* **Work instructions**
Copy every record exactly, and keep the pictures out.

[Collection entries]

Segment Open

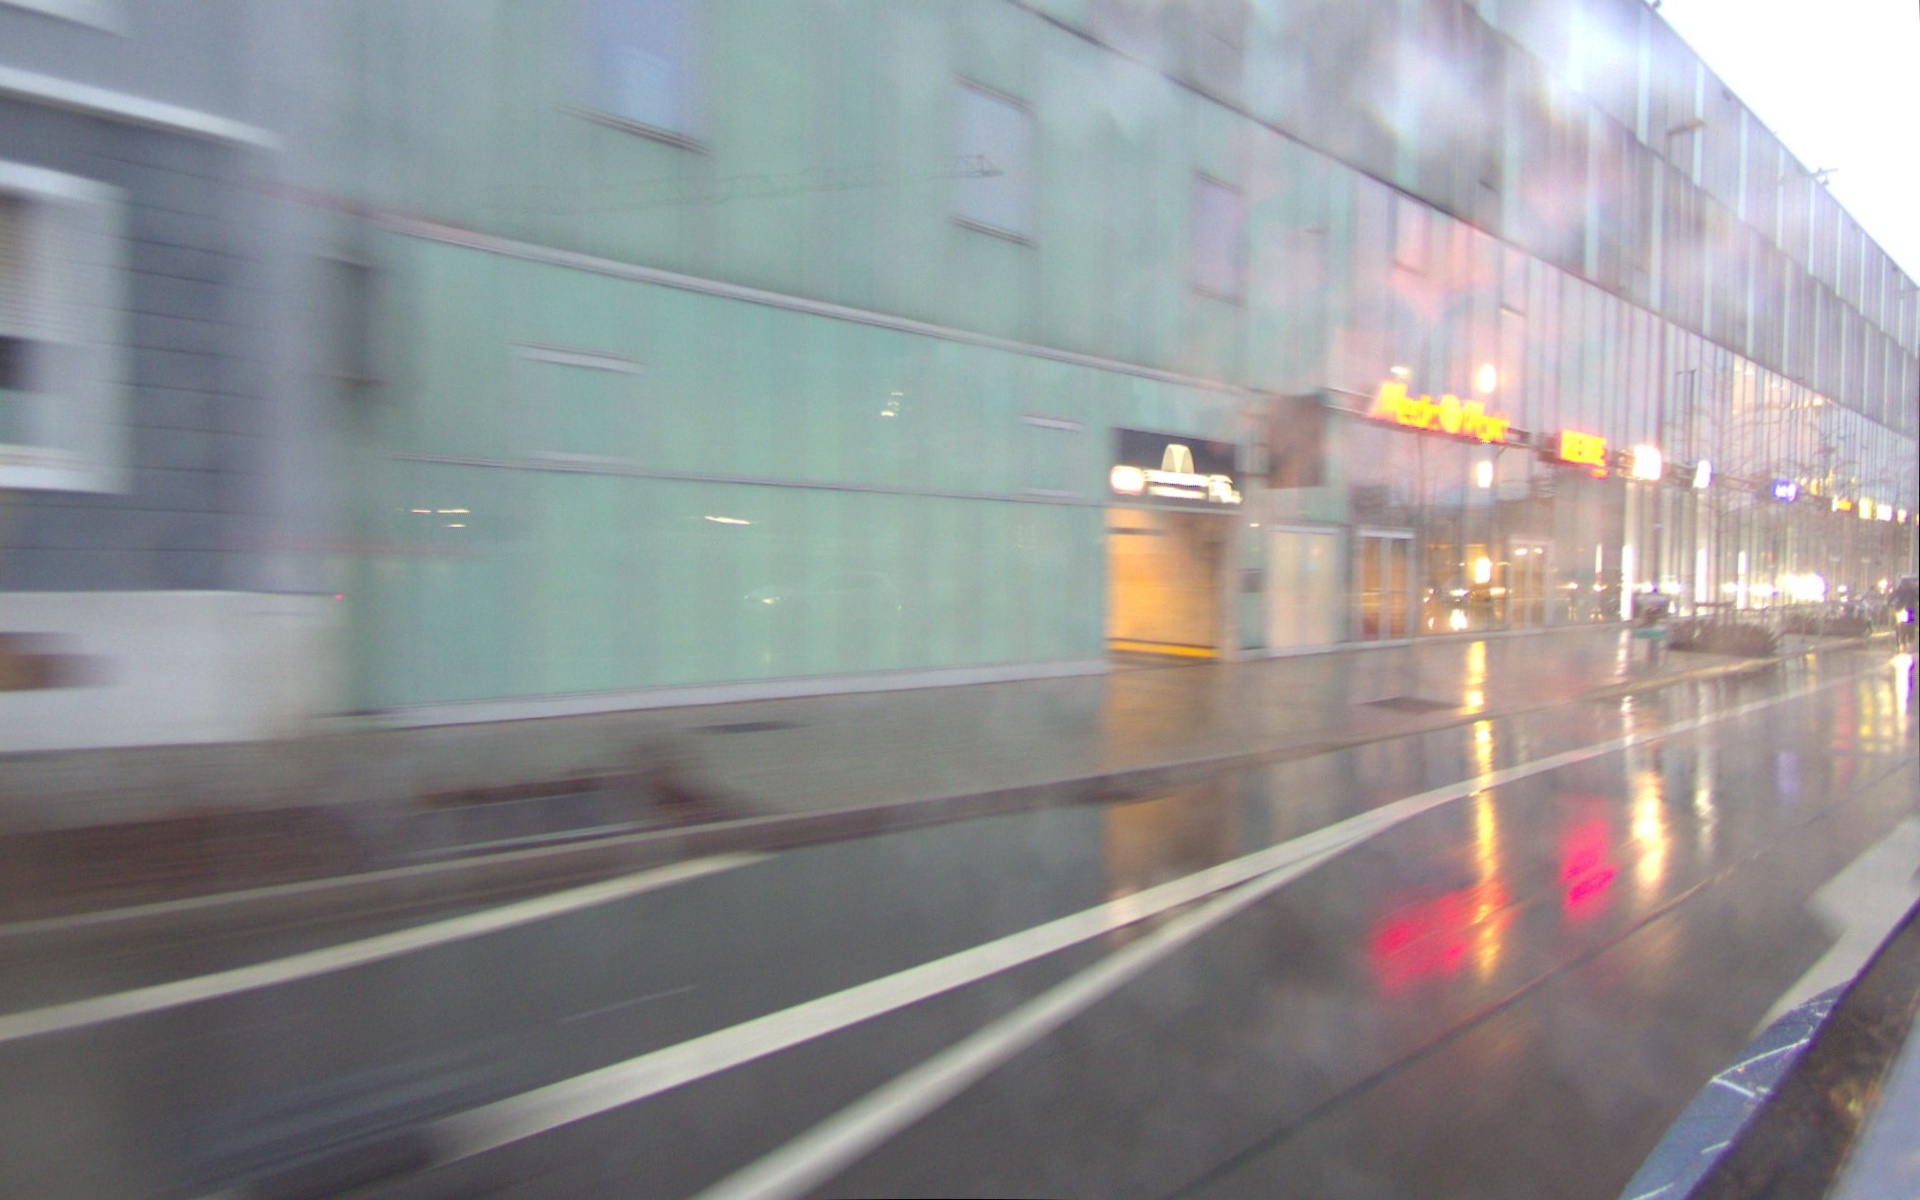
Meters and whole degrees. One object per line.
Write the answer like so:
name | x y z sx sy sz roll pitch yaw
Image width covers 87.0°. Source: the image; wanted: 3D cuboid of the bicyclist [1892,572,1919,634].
bicyclist | 23.237 0.055 24.410 1.047 1.481 0.945 -1 1 -37

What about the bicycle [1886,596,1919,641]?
bicycle | 23.228 0.431 24.422 2.199 1.012 0.945 -1 1 -37

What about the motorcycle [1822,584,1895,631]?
motorcycle | 27.966 0.218 31.535 0.584 1.350 1.910 0 2 1

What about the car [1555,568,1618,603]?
car | 32.765 -0.766 52.924 3.929 1.752 1.674 -1 1 -40

Segment Closed

* **Task answer**
Meters and whole degrees. One object per line.
Write the answer like so:
name | x y z sx sy sz roll pitch yaw
Image width covers 87.0°. Source: the image; wanted: 3D cuboid of the bicyclist [1892,572,1919,634].
bicyclist | 23.237 0.055 24.410 1.047 1.481 0.945 -1 1 -37

What about the bicycle [1886,596,1919,641]?
bicycle | 23.228 0.431 24.422 2.199 1.012 0.945 -1 1 -37

What about the motorcycle [1822,584,1895,631]?
motorcycle | 27.966 0.218 31.535 0.584 1.350 1.910 0 2 1

What about the car [1555,568,1618,603]?
car | 32.765 -0.766 52.924 3.929 1.752 1.674 -1 1 -40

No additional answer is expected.